Principal component analysis for automatic extraction of solid-state kinetics from combined in situ experiments

Abstract

Solid-state reactivity is often studied by in situ experiments with a multi-technique approach, where complementarity of different probes is exploited. In situ data are usually analysed using a complex protocol: first the reaction model most suited to describe the specific solid-state reaction is chosen, second the reaction coordinate is obtained from the data, the order of reaction is then calculated by applying a specific kinetic equation, and finally kinetic parameters are obtained with an Arrhenius plot. The approach is both time consuming and subject to errors due to the arbitrariness of extraction of the reaction coordinate, typically from individual peak intensity variations during the reaction. In addition, application of the different kinetic equations to obtain the best fitting one is tedious and no general method to select the best model with an unbiased approach is available.
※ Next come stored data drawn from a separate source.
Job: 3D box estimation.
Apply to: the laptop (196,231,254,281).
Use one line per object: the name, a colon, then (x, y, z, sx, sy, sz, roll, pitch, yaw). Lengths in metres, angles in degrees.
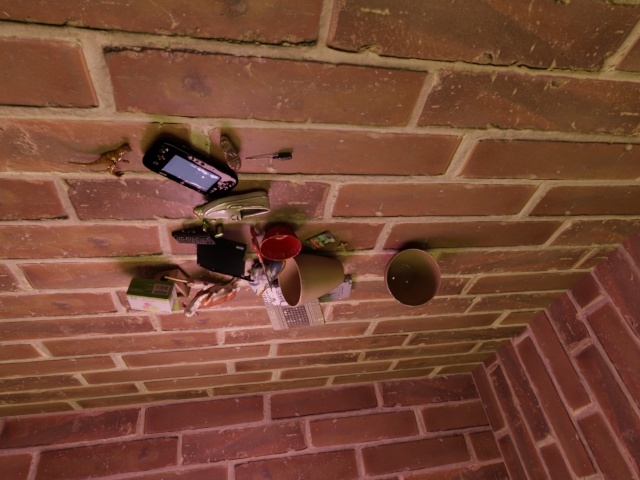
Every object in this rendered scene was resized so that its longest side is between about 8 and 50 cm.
laptop: (-0.422, 0.082, 1.848, 0.234, 0.137, 0.264, 14, 169, 10)

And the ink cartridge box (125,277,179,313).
ink cartridge box: (-0.771, 0.290, 1.899, 0.188, 0.097, 0.255, 8, 139, -5)

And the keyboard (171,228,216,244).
keyboard: (-0.540, -0.013, 1.719, 0.180, 0.023, 0.108, 1, 146, 15)

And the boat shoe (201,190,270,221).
boat shoe: (-0.328, -0.117, 1.600, 0.267, 0.088, 0.096, -12, 159, -9)

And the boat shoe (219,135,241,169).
boat shoe: (-0.312, -0.305, 1.418, 0.050, 0.045, 0.135, -18, 139, -3)

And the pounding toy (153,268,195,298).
pounding toy: (-0.676, 0.185, 1.918, 0.205, 0.094, 0.181, -9, 139, 13)

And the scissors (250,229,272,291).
scissors: (-0.260, 0.091, 1.827, 0.021, 0.109, 0.297, -19, 121, -4)

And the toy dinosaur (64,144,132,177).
toy dinosaur: (-0.722, -0.264, 1.377, 0.211, 0.064, 0.112, -22, 124, 0)

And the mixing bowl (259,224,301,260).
mixing bowl: (-0.180, -0.003, 1.799, 0.181, 0.098, 0.182, -7, 143, -6)

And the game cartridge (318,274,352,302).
game cartridge: (0.021, 0.273, 2.247, 0.293, 0.060, 0.196, -5, 139, -7)

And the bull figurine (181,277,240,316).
bull figurine: (-0.527, 0.269, 1.996, 0.310, 0.101, 0.188, -20, 160, -50)

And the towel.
towel: (-0.151, 0.342, 2.196, 0.311, 0.056, 0.325, -8, 120, 10)

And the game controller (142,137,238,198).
game controller: (-0.454, -0.246, 1.444, 0.319, 0.067, 0.166, 26, 130, -37)

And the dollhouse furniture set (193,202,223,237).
dollhouse furniture set: (-0.454, -0.077, 1.670, 0.076, 0.059, 0.152, -18, 142, 9)

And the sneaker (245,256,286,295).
sneaker: (-0.274, 0.150, 1.945, 0.112, 0.131, 0.296, -38, 173, -49)

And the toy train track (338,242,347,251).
toy train track: (0.109, 0.030, 1.983, 0.048, 0.014, 0.083, -21, 148, 2)

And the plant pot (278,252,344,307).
plant pot: (-0.031, 0.170, 1.973, 0.273, 0.257, 0.257, -8, 146, -29)

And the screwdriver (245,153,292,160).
screwdriver: (-0.187, -0.299, 1.483, 0.169, 0.024, 0.025, -4, 172, 2)

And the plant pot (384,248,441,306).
plant pot: (0.446, 0.186, 2.095, 0.283, 0.285, 0.191, -4, 178, -8)

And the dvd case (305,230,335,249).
dvd case: (0.000, 0.000, 1.917, 0.119, 0.013, 0.087, -22, 141, 17)
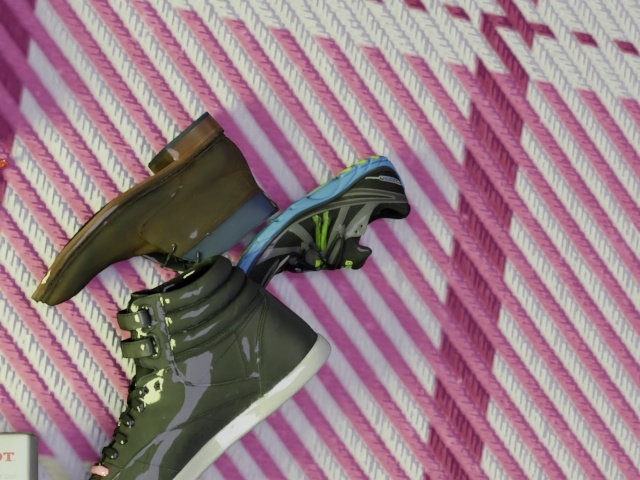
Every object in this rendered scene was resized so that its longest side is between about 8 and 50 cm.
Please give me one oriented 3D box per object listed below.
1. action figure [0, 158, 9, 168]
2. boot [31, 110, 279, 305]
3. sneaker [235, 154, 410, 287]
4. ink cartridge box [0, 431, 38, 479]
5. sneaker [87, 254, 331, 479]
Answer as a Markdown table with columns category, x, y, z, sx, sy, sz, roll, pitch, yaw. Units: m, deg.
| category | x | y | z | sx | sy | sz | roll | pitch | yaw |
| --- | --- | --- | --- | --- | --- | --- | --- | --- | --- |
| action figure | -0.299 | -0.022 | 1.636 | 0.038 | 0.030 | 0.115 | 31 | 79 | -16 |
| boot | -0.134 | 0.000 | 1.651 | 0.106 | 0.082 | 0.219 | 46 | 73 | -4 |
| sneaker | 0.000 | 0.000 | 1.695 | 0.188 | 0.067 | 0.078 | -35 | 88 | -19 |
| ink cartridge box | -0.290 | 0.239 | 1.575 | 0.127 | 0.072 | 0.175 | -1 | 84 | -2 |
| sneaker | -0.144 | 0.130 | 1.613 | 0.296 | 0.104 | 0.147 | -42 | 101 | -13 |
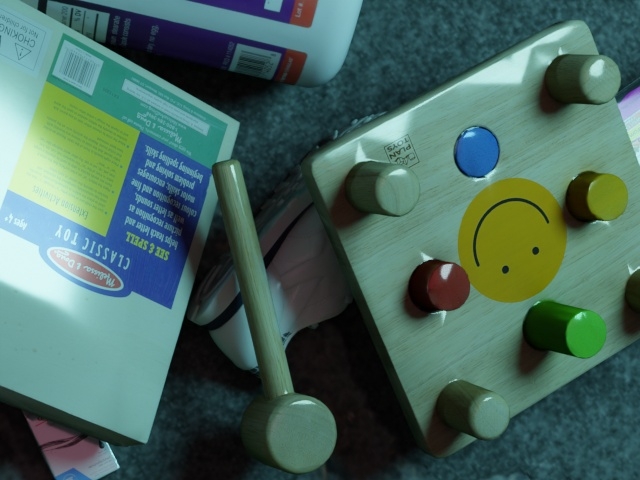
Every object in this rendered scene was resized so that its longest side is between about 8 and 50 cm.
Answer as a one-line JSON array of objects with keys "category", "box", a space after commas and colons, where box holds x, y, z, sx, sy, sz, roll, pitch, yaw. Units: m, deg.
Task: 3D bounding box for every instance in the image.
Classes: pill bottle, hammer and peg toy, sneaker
[{"category": "pill bottle", "box": [-0.126, -0.233, 1.254, 0.322, 0.181, 0.182, 12, 78, -7]}, {"category": "hammer and peg toy", "box": [0.091, 0.017, 1.221, 0.361, 0.127, 0.266, -28, 106, -19]}, {"category": "sneaker", "box": [0.000, 0.000, 1.292, 0.095, 0.090, 0.235, 43, 80, -13]}]

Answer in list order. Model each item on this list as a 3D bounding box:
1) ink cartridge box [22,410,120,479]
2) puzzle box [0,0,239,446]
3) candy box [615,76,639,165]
[{"category": "ink cartridge box", "box": [-0.192, 0.146, 1.253, 0.048, 0.028, 0.083, -26, 85, -13]}, {"category": "puzzle box", "box": [-0.262, -0.047, 1.161, 0.409, 0.052, 0.272, 28, 65, -29]}, {"category": "candy box", "box": [0.328, -0.038, 1.349, 0.159, 0.071, 0.233, -34, 86, -14]}]
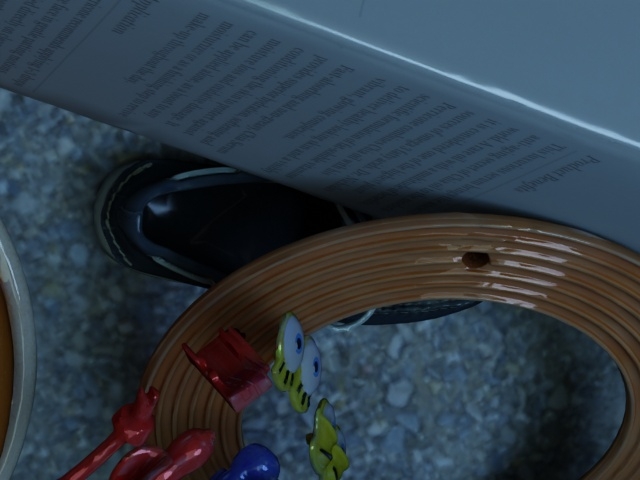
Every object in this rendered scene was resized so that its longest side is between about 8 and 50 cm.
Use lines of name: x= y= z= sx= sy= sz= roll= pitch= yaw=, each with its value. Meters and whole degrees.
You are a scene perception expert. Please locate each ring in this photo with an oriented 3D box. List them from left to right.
ring: x=0.064 y=0.096 z=1.120 sx=0.336 sy=0.032 sz=0.337 roll=-2 pitch=138 yaw=-2

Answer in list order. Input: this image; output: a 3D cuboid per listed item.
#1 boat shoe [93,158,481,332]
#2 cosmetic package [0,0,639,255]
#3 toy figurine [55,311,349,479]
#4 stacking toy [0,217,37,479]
boat shoe: x=0.000 y=0.000 z=1.126 sx=0.254 sy=0.079 sz=0.095 roll=14 pitch=91 yaw=-22
cosmetic package: x=0.007 y=-0.131 z=0.978 sx=0.453 sy=0.230 sz=0.162 roll=19 pitch=74 yaw=-18
toy figurine: x=0.002 y=0.230 z=1.032 sx=0.191 sy=0.217 sz=0.362 roll=-36 pitch=147 yaw=-14
stacking toy: x=-0.273 y=0.121 z=0.863 sx=0.350 sy=0.480 sz=0.351 roll=-4 pitch=106 yaw=-15
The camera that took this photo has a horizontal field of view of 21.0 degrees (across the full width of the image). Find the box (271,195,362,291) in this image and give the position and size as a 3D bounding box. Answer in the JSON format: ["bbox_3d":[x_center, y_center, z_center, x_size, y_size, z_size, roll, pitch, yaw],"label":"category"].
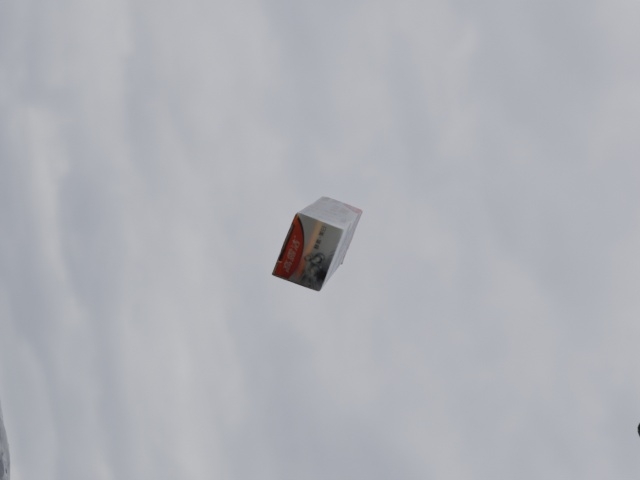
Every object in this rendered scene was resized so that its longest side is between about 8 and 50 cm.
[{"bbox_3d":[0.000,0.000,1.364,0.218,0.039,0.055,-46,157,-82],"label":"box"}]

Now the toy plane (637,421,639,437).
[{"bbox_3d":[0.386,0.203,1.505,0.078,0.169,0.246,-57,-158,-2],"label":"toy plane"}]

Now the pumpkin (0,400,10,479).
[{"bbox_3d":[-0.348,0.131,1.098,0.315,0.315,0.238,62,-35,40],"label":"pumpkin"}]
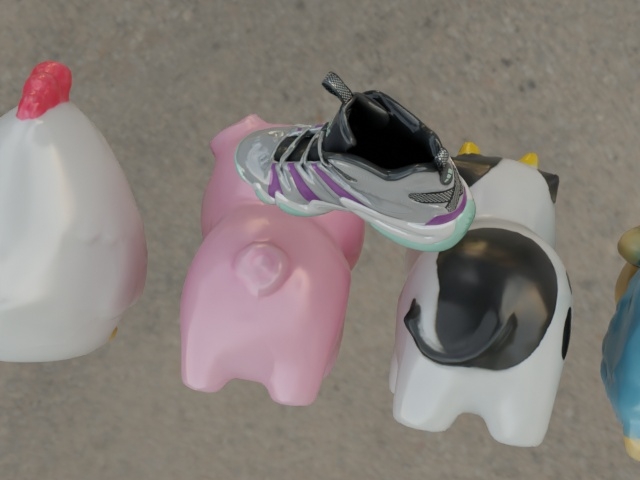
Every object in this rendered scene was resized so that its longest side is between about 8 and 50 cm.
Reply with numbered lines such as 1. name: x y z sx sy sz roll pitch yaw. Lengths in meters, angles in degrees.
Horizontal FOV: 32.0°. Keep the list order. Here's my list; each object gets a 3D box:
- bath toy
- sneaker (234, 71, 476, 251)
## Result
1. bath toy: 0.000 0.000 0.503 0.348 0.151 0.129 8 100 0
2. sneaker: 0.005 -0.035 0.390 0.098 0.069 0.038 15 65 25
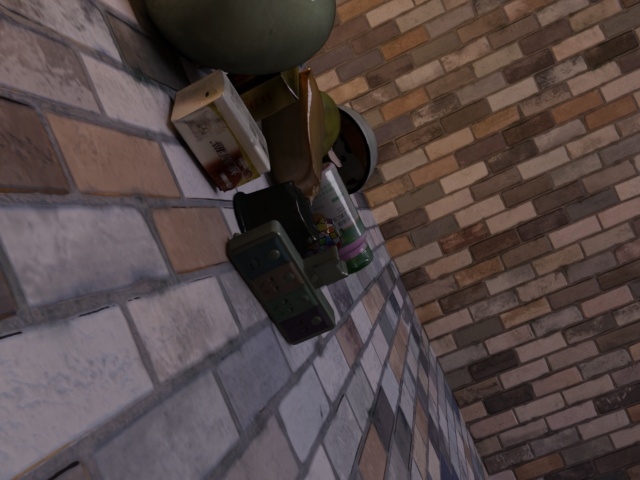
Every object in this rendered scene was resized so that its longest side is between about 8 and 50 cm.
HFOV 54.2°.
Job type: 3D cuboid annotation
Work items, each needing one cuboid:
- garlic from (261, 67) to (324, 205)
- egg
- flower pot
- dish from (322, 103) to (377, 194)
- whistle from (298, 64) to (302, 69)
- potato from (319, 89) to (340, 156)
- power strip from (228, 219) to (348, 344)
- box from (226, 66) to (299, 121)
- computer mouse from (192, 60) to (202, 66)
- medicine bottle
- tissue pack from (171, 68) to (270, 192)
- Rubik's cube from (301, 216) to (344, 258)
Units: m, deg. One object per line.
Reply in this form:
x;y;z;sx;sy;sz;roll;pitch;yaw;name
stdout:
-0.057;-0.206;1.408;0.196;0.151;0.338;119;-28;-71;garlic
-0.135;-0.421;1.091;0.352;0.258;0.258;3;53;-32;egg
-0.069;-0.033;1.100;0.157;0.107;0.157;-23;90;-78;flower pot
0.063;-0.275;1.823;0.120;0.303;0.303;-33;101;-41;dish
-0.138;-0.592;1.887;0.289;0.164;0.163;64;10;-5;whistle
-0.039;-0.304;1.649;0.149;0.197;0.228;38;15;26;potato
-0.031;0.057;0.980;0.061;0.145;0.215;-97;161;-55;power strip
-0.128;-0.313;1.284;0.071;0.159;0.240;58;14;-27;box
-0.221;-0.391;1.242;0.102;0.045;0.199;57;18;-9;computer mouse
0.032;-0.050;1.578;0.274;0.134;0.133;62;11;-18;medicine bottle
-0.156;-0.170;0.984;0.148;0.099;0.106;58;11;-36;tissue pack
0.000;0.000;1.409;0.111;0.093;0.111;-23;90;-81;Rubik's cube

Here we propose a new procedure based on principal component analysis to get kinetic information from in situ data, which simplifies and speeds up the process of kinetic parameter calculation from a three- to a two- or even a one-step form, reaching a high degree of automation and the ability to manage the huge amount of data produced by in situ multi-technique experiments. The new approach treats data as a whole, without biases introduced by manual methods of obtaining the reaction coordinate by peak intensity evaluation from individual patterns typical of the traditional approach. The procedure is described in its theoretical framework and applied to the formation of a molecular complex, monitored by in situ X-ray powder diffraction and Raman measurements.